The Great Divide: Technological Growth and the Increasing Gap between Rich and Poor Nations

By Kristin Klinger on Aug 1, 2010

Originally published in the WFCF Newsletter, Vol. 6, No. 2, August 2010

Technology is a force that brings innovation and affluence to those that have access and the resources to utilize it. However, for populations around the world lacking technology, the gap of the have’s and have not’s is deafeningly clear and carries with it serious repercussions to the people of less fortunate regions. With poverty as a worldwide concern, particularly with the fragile state of the global economy, technology has been sought out as an answer to provide solutions. Contrastingly, the costs to those who cannot obtain technology appear to be surmounting continuously as poverty spreads and technology that could improve the overall ecology of these regions remains out of reach.

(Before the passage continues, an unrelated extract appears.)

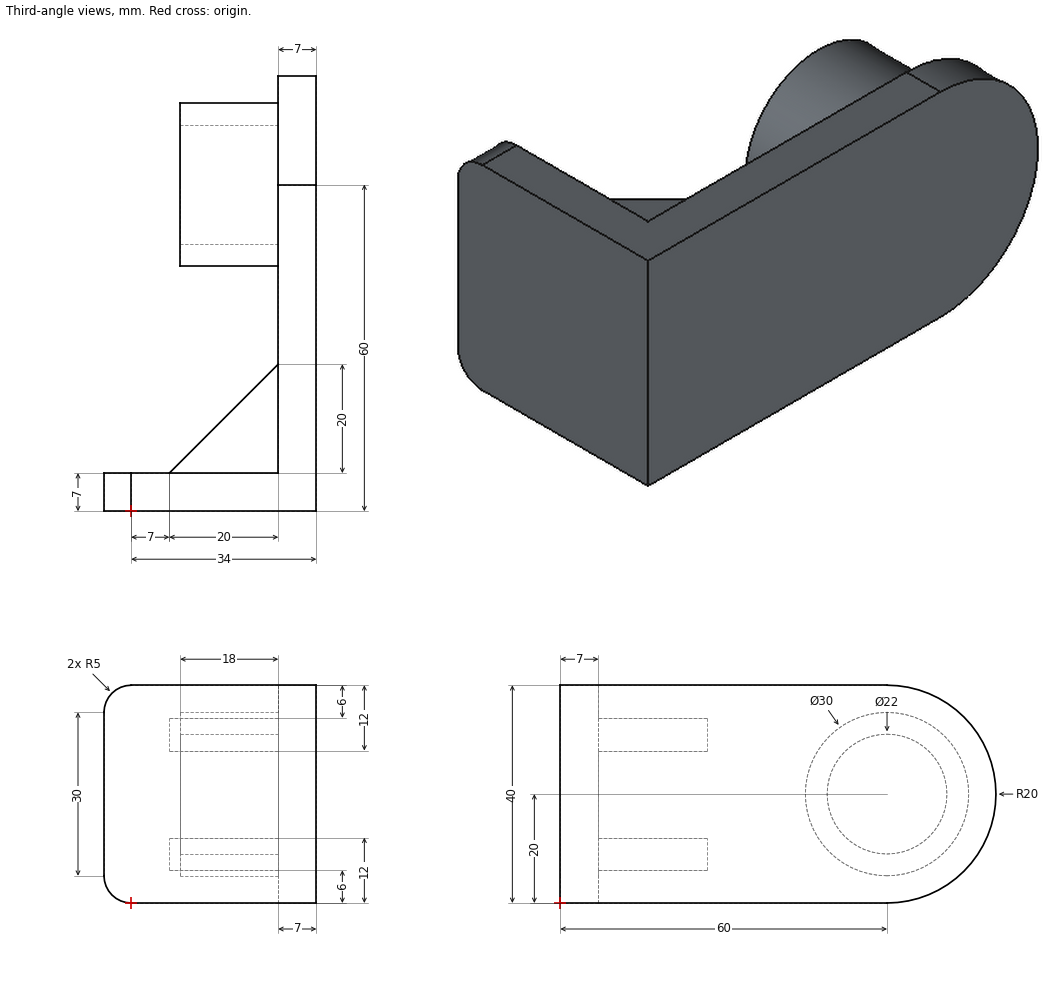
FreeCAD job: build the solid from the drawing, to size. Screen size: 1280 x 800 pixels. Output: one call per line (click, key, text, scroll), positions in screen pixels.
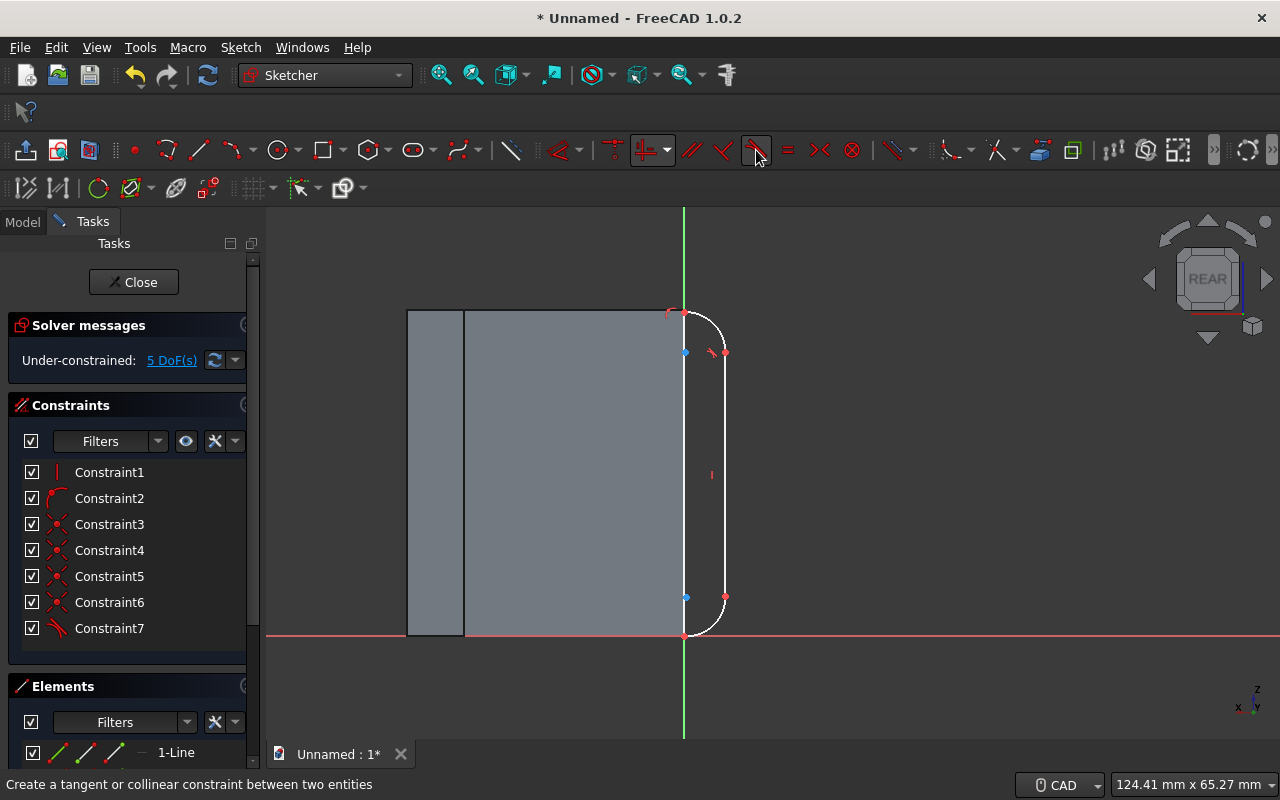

As governments of the developed world work toward further advancements in resources like energy, agriculture and software to solve problems, the problems in areas without technology exponentially increase.

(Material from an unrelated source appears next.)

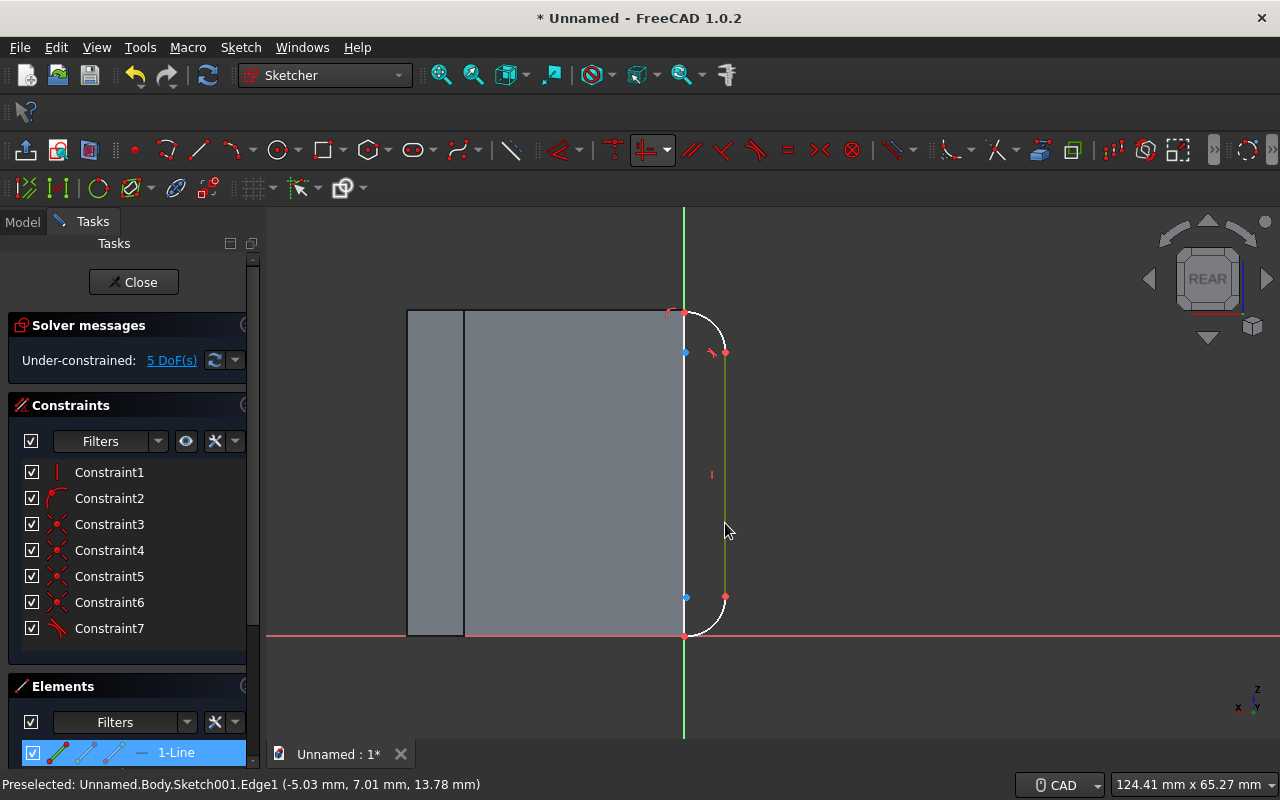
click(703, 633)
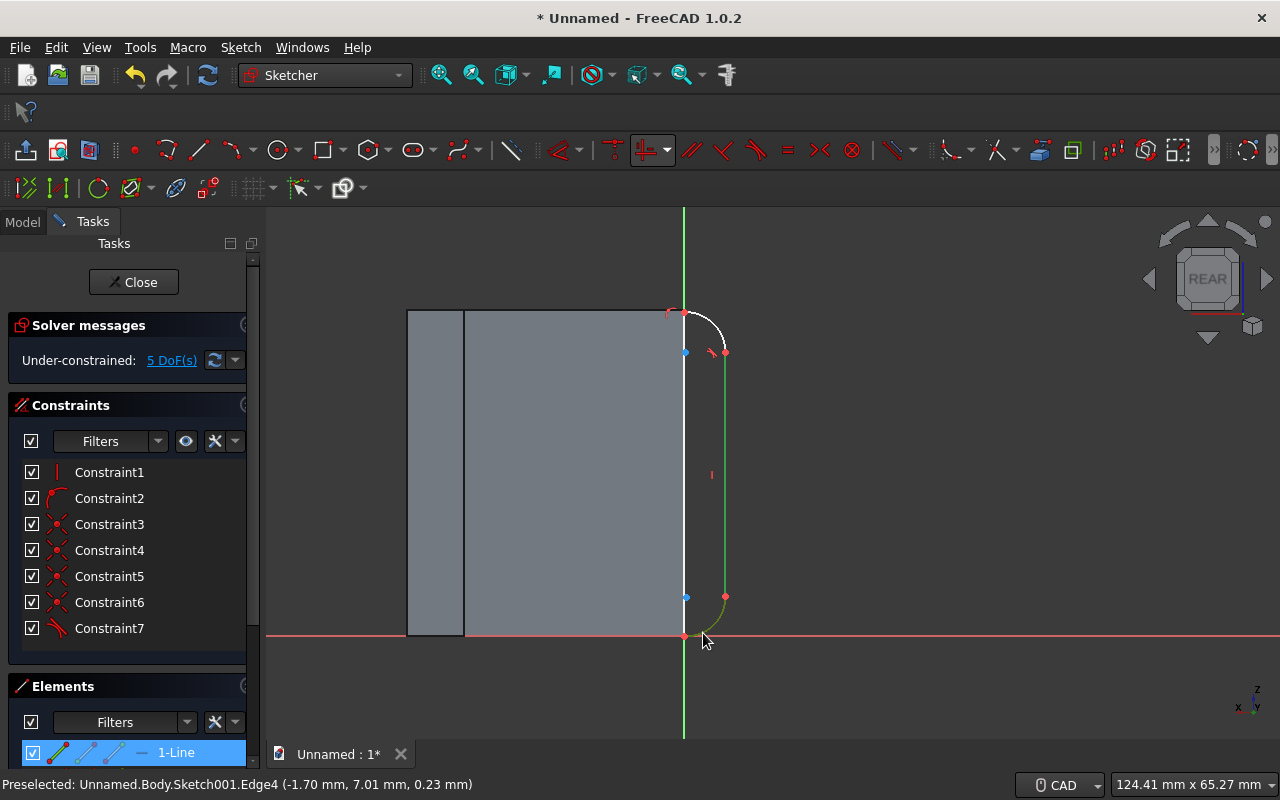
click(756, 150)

With 19% of the world’s population accounting for 91% of Internet users, it is clear that a tool that has become standard in North America and Western Europe eludes most of the globe. Technological solutions, such as e-learning, telemedicine and assistive technologies that can help individuals learn, receive healthcare and address special needs remotely unfortunately remain unavailable to those that typically need the most help.

Technology as a solution to the plight of impoverished communities, particularly in the context of handicapped orphaned children in the developing world, could bring immense hope in the form of providing remote assistance to those in rural areas on many levels of socioeconomics and general well-being. Even simple and fairly assumed technologies of proper irrigation, water purification, medical technologies, food pasteurization, among others that are standard to everyday life are completely outside of the resources available to impoverished areas in the developing world. With technology as such an unavailable commodity, it is obvious that the third world’s lacking and the industrialized world’s abundance forges the divide for any hope of developing nations to catch-up or even compete with the rest of the world. By being left behind, the economies in these areas will likely continue to decline and the people of these regions will predictably continue to suffer.

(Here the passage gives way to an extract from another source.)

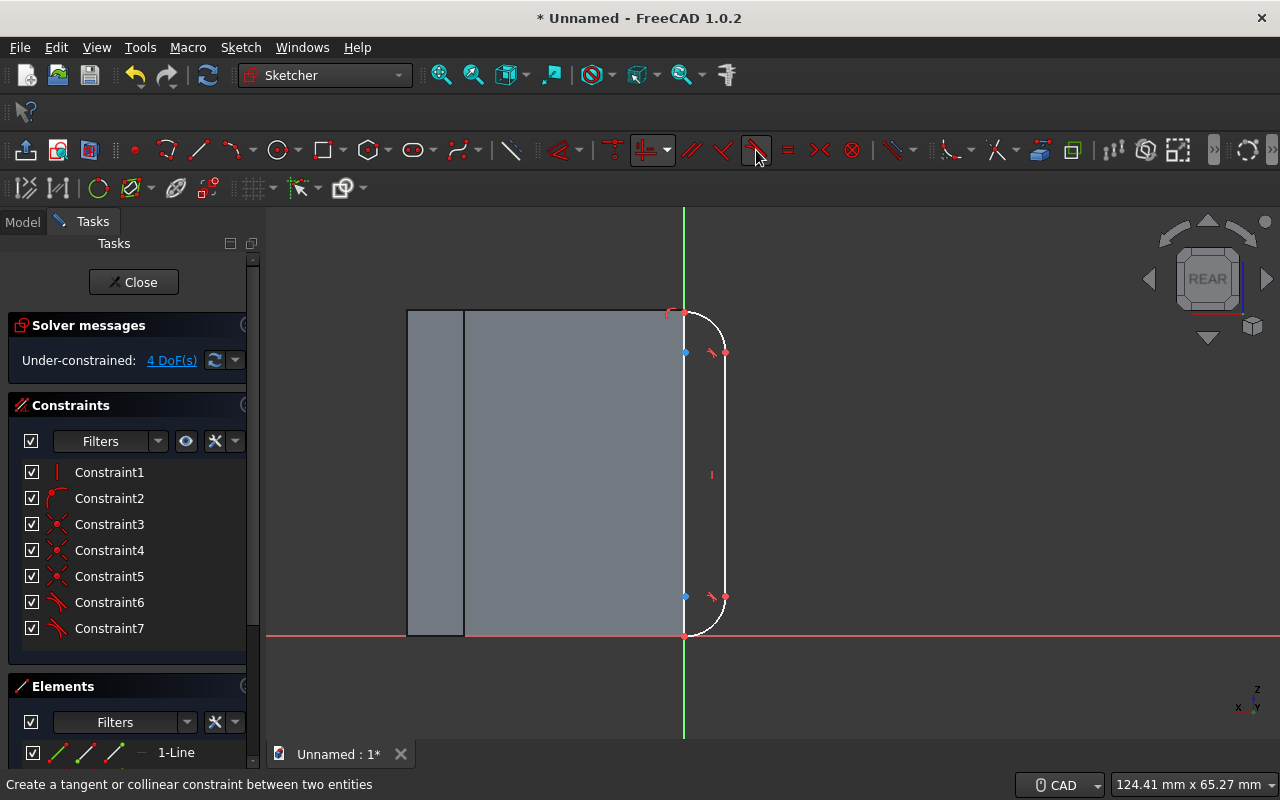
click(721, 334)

In considering some of the most helpless, the handicapped orphaned children, who could greatly benefit from the enlightenment and connection technology provides, sadly they are left without. As governments of the developed world work toward further advancements in resources like energy, agriculture and software to solve problems, the problems in areas without technology exponentially increase. When thinking of the possibilities to improve life that technology can provide, the urgency of recognizing the effects of advancement in industrialized nations and the cost to developing countries becomes a cause to petition for. With technology literally at our fingertips, it is difficult to think of those that cannot dream of such accessibility. There is so much potential for technology to assist these third world regions, and within them the handicapped orphaned children in their populations, but it is up to those that have to spread the benefits of modern living to those that are without such tools.